EXERCISE DESCRIPTION —
Answer with nothing except the number of lines in the listing that include the word "Ready".

TASK INPUT —
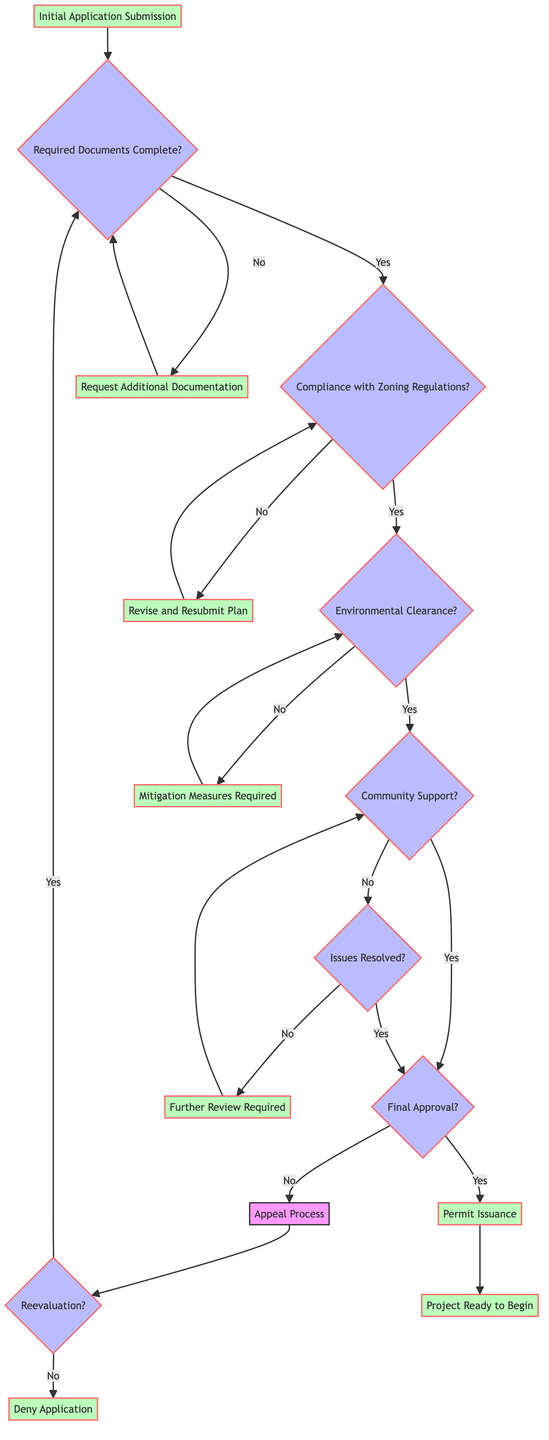What is the first step in the permitting process? The first step in the permitting process is the "Initial Application Submission," which is clearly indicated as the starting node in the diagram.
Answer: Initial Application Submission How many decision nodes are present in the diagram? By counting the nodes labeled with a question mark, we find there are six decision nodes in the diagram: "Required Documents Complete?", "Compliance with Zoning Regulations?", "Environmental Clearance?", "Community Support?", "Final Approval?", and "Issues Resolved?".
Answer: 6 What happens if the community support is not received? If community support is not received, the process flows to "Hold Public Hearing", which is indicated as the next step when the answer to the community support question is "No".
Answer: Hold Public Hearing What is required if there is no environmental clearance? If there is no environmental clearance, the next step indicated is "Mitigation Measures Required", which is the consequence of failing the environmental clearance question.
Answer: Mitigation Measures Required What outcome follows the approval by the Planning Commission? After the approval by the Planning Commission, the diagram shows "Permit Issuance" as the following step, indicating that the project can proceed toward permit issuance once final approval is granted.
Answer: Permit Issuance What happens if additional documentation is needed? If additional documentation is deemed necessary, the diagram shows that the next step would be to "Request Additional Documentation", and once that is received, the process returns to the "Required Documents Complete?" decision point.
Answer: Request Additional Documentation What are the two possibilities after the appeal process? Following the appeal process, the outcomes are either "Reevaluation" or "Deny Application"; if reevaluation occurs, the process loops back to the "Initial Application Submission" and if not, the application is denied.
Answer: Reevaluation or Deny Application What does "Project Ready to Begin" signify in the process? "Project Ready to Begin" is the final outcome after "Permit Issuance", signaling that all previous steps have been successfully completed, and the project can now commence.
Answer: Project Ready to Begin 
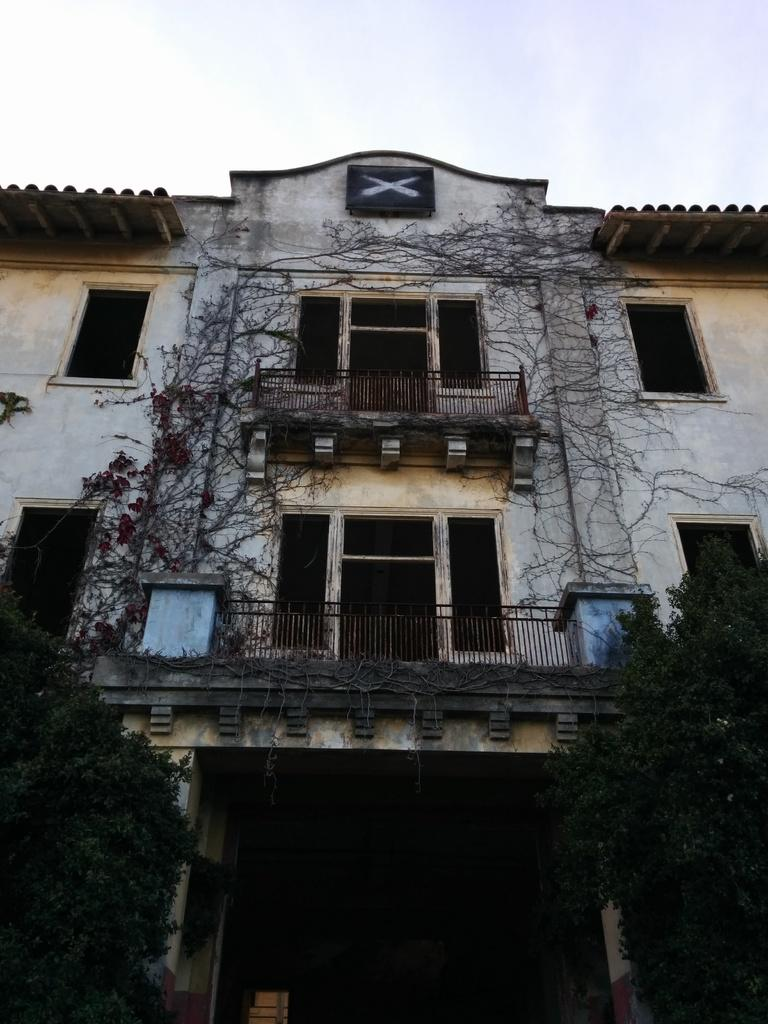What type of structure can be seen in the image? There is a building in the image. What type of vegetation is present in the image? Creepers and trees are visible in the image. What type of barrier is present in the image? Iron grills are visible in the image. What type of shelter is present in the image? There is a shed in the image. What part of the natural environment is visible in the image? The sky is visible in the image. What type of truck can be seen driving through the building in the image? There is no truck present in the image, and the building is not being driven through. 
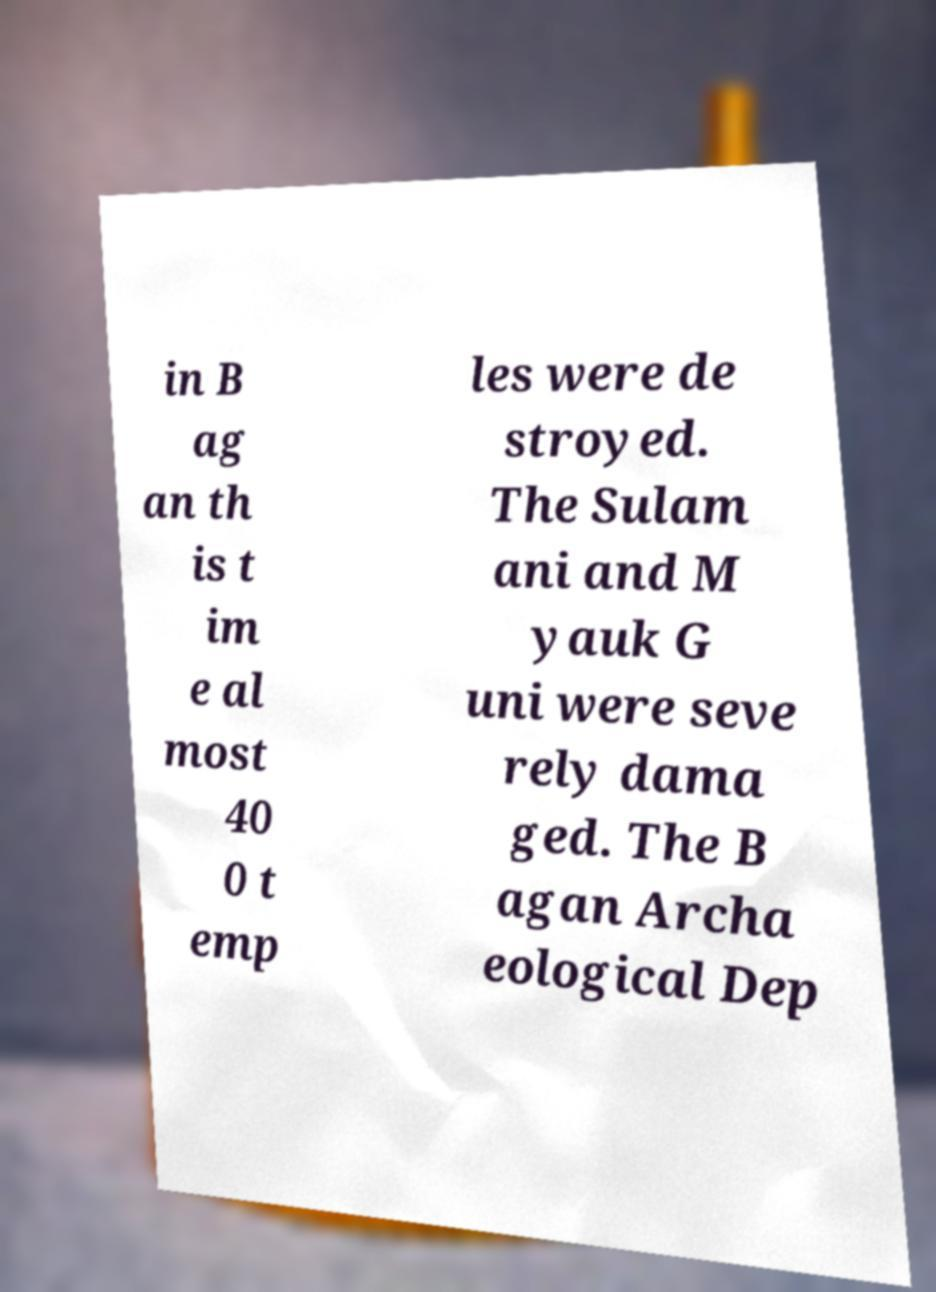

RESULT —
2